Each root file contains a TTree with name `Nominal` filled with a set of variables filled during offline analysis. Some preselection has already been done. Each event here contains exactly 2 leptons and 1 FatJet. 

<br>

### 2. Load data

In [None]:
# import the libraries to use later
import uproot
import numpy as np
import pandas as pd

![](logo-uproot.png)

We will read the root file and covert it to a Pandas DataFrame using **uproot**. Uproot is a software package for I/O methods between ROOT and numpy and pandas. There is a huge number of functionalities for ROOT and Pandas file manipulation. Check-out this link: [Uproot page](https://github.com/scikit-hep/uproot)

In [None]:
# Lets have a look at the number of events of each file

inputFiles = ['Top','Zjets','Diboson','ggH1000']

for i in inputFiles:
    inFile = 'Files/'+i+'.root'
    theFile = uproot.open(inFile)
    tree = uproot.open(inFile)['Nominal']
    Nevents = uproot.open(inFile)['Nominal'].numentries
    print ('Number of events in '+inFile,'\t'+str(Nevents))
    

In [None]:
# convert all of them to Pandas Dataframes
DF_Signal  = uproot.open('Files/ggH1000.root')['Nominal'].pandas.df()
DF_Top     = uproot.open('Files/Top.root')['Nominal'].pandas.df()
DF_Zjets   = uproot.open('Files/Zjets.root')['Nominal'].pandas.df()
DF_Diboson = uproot.open('Files/Diboson.root')['Nominal'].pandas.df()

# print(DF_Signal.head())
# print(DF_Top.head())
# print(DF_Zjets.head())
# print(DF_Diboson.head())

In [None]:
#Lets print few events to see the content
pd.set_option('display.max_columns', 25)
DF_Signal.head()

<br>

### 3. Variable Description

Basic info from both leptons and the FatJet. ( 𝑝𝑇 , 𝜂 , 𝜙 , 𝐸 , lepton charge)

Dilepton 𝑝𝑇  and mass

More advanced features for the FatJet. Jet substructure variables  𝐷2,𝐶2 

**FullEventWeight** is the generator MC weight * all other Scale Factor weights used in the llqq analysis

**isSignal** in an ``int`` which declares whether the event is signal(=1) or backround (=0). We'll use this variable later on as label for each event in the DNN training and testing process. 

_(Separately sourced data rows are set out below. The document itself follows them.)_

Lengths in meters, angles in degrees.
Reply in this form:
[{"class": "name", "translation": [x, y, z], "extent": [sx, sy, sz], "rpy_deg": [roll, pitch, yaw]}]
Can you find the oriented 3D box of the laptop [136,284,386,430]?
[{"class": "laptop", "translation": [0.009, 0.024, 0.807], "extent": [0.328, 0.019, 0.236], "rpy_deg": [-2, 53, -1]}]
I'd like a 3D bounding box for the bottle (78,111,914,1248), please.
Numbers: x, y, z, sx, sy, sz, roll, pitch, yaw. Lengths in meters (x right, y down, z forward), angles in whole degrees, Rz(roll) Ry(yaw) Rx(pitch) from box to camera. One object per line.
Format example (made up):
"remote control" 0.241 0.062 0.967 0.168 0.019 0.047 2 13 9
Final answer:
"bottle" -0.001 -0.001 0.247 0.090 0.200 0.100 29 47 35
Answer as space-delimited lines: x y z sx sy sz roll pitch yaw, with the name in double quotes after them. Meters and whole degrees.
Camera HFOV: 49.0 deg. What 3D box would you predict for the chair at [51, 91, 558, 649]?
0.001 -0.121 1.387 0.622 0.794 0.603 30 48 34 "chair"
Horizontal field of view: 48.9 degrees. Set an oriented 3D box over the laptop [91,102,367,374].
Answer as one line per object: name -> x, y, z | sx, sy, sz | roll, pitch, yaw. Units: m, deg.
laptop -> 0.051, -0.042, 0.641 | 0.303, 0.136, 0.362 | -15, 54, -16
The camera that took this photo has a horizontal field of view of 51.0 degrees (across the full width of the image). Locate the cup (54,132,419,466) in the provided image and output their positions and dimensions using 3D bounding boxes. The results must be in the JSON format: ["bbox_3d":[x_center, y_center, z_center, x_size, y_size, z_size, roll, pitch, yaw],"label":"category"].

**Note**: if this kind of variable is missing from your initial .root file then it's still possible to add it with DF or NumPy

In [None]:
# DF_Signal.to_csv('Files/Signal.csv')
# DF_Zjets.to_csv('Files/Zjets.csv')


<br>

### 4. Visualizing input data

Visualization of inputs and results can be quickly done with [**Matplotlib**](https://matplotlib.org/)

Lets try to plot the variables in the DFs for signal and background

In [None]:
import matplotlib
import matplotlib.pyplot as plt
%matplotlib inline

VariablesToPlot = ['lep1_pt','lep2_pt','lep1_E','lep2_E','Zll_mass','Zll_pt','MET']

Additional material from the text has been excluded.